■ PROBLEM TO SOLVE:
Output only the lines below that start at the line containing "measured with users).</text>" and end at the line containing "local price list,</text>", with both ends kept.

■ DATA EXTRACT:
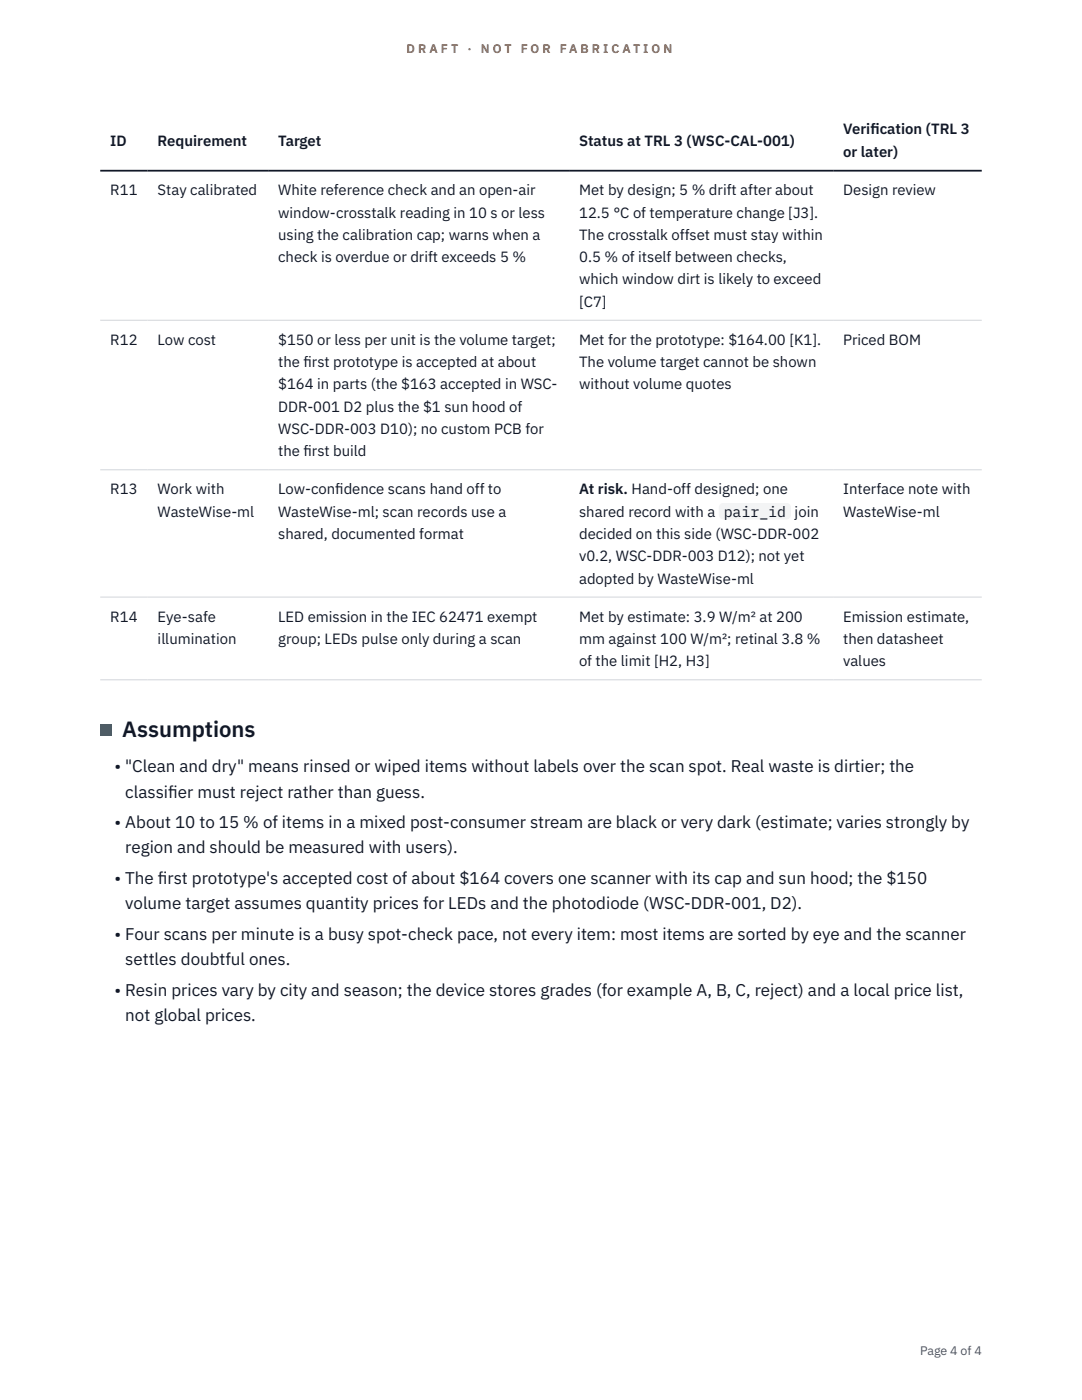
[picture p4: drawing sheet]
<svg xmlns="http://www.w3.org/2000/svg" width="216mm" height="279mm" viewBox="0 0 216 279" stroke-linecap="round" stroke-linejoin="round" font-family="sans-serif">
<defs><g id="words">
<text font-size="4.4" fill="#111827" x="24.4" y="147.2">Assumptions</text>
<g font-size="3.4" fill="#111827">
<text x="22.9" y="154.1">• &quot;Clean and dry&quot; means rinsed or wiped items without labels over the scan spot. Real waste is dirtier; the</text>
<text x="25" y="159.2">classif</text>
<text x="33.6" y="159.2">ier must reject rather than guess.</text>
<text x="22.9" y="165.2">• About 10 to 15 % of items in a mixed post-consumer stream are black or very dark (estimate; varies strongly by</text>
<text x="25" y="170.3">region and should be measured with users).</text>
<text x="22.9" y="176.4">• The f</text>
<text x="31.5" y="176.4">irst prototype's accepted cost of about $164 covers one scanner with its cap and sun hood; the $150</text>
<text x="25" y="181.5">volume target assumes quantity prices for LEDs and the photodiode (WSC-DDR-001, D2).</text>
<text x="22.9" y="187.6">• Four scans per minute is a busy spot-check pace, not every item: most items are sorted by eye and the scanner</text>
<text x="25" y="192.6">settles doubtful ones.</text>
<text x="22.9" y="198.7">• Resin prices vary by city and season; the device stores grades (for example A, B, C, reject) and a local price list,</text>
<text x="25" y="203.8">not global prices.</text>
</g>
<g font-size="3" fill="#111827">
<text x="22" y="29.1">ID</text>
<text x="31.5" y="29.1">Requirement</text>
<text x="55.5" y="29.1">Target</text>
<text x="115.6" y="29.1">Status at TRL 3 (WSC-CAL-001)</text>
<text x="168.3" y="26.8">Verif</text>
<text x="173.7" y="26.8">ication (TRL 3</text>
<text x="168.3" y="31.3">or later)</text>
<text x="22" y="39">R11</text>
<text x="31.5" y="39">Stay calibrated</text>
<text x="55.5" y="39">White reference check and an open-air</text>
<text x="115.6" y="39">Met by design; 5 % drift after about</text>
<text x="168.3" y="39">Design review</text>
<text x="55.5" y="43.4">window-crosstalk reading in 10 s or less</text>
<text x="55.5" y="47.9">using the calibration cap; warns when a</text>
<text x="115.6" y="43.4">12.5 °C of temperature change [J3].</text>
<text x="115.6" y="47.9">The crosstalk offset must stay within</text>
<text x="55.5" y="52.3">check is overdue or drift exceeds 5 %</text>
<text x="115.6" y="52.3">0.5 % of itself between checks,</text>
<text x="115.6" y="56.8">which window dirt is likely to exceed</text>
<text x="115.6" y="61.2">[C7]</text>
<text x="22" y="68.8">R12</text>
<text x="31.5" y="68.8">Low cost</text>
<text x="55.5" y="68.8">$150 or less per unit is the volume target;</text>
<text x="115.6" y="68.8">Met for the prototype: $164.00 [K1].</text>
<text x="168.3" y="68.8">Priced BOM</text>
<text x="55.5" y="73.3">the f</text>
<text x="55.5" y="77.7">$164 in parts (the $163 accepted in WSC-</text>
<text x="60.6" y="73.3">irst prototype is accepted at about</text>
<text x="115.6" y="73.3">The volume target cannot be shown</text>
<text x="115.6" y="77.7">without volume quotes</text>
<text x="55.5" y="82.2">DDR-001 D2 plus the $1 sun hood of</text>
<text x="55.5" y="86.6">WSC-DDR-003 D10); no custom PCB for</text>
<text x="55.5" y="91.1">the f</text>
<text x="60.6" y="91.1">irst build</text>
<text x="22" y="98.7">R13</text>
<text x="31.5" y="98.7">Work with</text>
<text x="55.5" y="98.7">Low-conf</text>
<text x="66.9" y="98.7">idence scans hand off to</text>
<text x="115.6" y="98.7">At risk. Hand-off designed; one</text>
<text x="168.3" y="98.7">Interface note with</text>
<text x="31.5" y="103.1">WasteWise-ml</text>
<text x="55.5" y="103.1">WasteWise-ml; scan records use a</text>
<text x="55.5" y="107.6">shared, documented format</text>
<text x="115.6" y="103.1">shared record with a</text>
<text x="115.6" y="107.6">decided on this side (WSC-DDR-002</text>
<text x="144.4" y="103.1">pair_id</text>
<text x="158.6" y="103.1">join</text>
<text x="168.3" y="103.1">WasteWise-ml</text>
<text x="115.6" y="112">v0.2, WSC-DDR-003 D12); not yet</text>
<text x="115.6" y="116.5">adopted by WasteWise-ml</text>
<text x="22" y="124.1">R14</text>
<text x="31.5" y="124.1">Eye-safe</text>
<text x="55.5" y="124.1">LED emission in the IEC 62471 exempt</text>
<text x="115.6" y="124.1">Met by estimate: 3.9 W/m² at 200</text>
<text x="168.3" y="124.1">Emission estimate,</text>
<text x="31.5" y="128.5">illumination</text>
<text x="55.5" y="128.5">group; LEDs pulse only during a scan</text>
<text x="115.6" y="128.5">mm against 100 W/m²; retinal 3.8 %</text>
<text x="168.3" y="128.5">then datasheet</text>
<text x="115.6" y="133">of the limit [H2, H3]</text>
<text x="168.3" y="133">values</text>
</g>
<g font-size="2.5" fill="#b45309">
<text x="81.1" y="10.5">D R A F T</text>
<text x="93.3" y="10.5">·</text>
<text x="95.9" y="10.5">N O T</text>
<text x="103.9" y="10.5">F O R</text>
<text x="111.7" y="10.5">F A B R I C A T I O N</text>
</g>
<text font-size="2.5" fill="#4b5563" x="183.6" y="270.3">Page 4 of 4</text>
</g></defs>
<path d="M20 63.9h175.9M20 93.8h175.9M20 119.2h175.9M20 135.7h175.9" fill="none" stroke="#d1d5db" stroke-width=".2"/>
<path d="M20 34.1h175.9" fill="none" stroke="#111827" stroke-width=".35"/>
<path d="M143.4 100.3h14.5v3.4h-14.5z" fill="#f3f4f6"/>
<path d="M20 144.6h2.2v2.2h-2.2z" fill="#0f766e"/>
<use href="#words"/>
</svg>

■ ANSWER FOR THE TASK:
<text x="25" y="170.3">region and should be measured with users).</text>
<text x="22.9" y="176.4">• The f</text>
<text x="31.5" y="176.4">irst prototype's accepted cost of about $164 covers one scanner with its cap and sun hood; the $150</text>
<text x="25" y="181.5">volume target assumes quantity prices for LEDs and the photodiode (WSC-DDR-001, D2).</text>
<text x="22.9" y="187.6">• Four scans per minute is a busy spot-check pace, not every item: most items are sorted by eye and the scanner</text>
<text x="25" y="192.6">settles doubtful ones.</text>
<text x="22.9" y="198.7">• Resin prices vary by city and season; the device stores grades (for example A, B, C, reject) and a local price list,</text>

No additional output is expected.